Required action
Scan the data beneath this task and copy each line that includes "list".

Data records
┄┄┄┄┄┄┄┄┄┄
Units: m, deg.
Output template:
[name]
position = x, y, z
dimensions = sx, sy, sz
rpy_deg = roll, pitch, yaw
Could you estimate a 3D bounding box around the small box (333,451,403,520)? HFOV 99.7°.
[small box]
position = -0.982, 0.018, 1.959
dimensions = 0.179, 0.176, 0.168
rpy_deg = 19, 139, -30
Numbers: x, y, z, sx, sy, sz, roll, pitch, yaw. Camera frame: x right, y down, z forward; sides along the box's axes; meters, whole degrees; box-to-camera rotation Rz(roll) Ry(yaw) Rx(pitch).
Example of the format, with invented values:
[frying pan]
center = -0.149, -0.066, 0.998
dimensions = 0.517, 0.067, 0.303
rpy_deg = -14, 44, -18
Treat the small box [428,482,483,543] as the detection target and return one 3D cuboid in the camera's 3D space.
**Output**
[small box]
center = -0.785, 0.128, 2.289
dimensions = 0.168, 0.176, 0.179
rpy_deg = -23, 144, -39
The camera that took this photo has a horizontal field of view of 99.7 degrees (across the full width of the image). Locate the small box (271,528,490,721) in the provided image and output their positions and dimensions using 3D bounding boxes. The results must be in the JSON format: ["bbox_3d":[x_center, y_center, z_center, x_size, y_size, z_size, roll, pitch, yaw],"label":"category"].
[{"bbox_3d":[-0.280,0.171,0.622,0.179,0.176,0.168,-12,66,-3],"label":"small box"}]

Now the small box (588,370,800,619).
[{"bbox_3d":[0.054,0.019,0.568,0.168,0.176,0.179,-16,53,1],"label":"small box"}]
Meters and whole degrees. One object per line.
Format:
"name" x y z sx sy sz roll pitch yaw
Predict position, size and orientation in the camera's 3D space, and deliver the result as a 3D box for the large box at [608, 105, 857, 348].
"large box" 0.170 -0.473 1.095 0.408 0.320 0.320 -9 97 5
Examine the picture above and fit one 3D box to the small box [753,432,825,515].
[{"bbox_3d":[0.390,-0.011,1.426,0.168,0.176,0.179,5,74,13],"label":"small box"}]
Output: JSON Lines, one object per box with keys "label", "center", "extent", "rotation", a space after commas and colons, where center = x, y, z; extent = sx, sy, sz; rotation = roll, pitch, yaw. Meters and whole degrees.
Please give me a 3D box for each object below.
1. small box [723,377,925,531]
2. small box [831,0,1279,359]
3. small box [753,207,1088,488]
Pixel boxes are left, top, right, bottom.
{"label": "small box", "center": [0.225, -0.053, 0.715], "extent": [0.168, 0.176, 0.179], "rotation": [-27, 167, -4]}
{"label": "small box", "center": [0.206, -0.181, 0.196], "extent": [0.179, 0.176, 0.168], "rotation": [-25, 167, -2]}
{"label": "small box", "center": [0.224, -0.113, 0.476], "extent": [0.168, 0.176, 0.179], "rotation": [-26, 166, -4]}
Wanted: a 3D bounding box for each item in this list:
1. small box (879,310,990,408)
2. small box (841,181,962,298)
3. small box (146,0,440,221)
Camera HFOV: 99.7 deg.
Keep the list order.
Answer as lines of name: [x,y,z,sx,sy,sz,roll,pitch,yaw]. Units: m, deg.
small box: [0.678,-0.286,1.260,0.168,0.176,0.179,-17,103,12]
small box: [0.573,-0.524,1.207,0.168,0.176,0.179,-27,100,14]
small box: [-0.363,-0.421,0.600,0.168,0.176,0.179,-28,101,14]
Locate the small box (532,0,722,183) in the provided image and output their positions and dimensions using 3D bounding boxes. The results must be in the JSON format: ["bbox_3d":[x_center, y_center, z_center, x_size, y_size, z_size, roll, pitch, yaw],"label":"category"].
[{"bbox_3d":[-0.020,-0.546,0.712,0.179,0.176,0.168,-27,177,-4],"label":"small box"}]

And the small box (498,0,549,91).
┄┄┄┄┄┄┄┄┄┄
Your solution
Wanted: a 3D bounding box for each item in this list:
Keep the list order.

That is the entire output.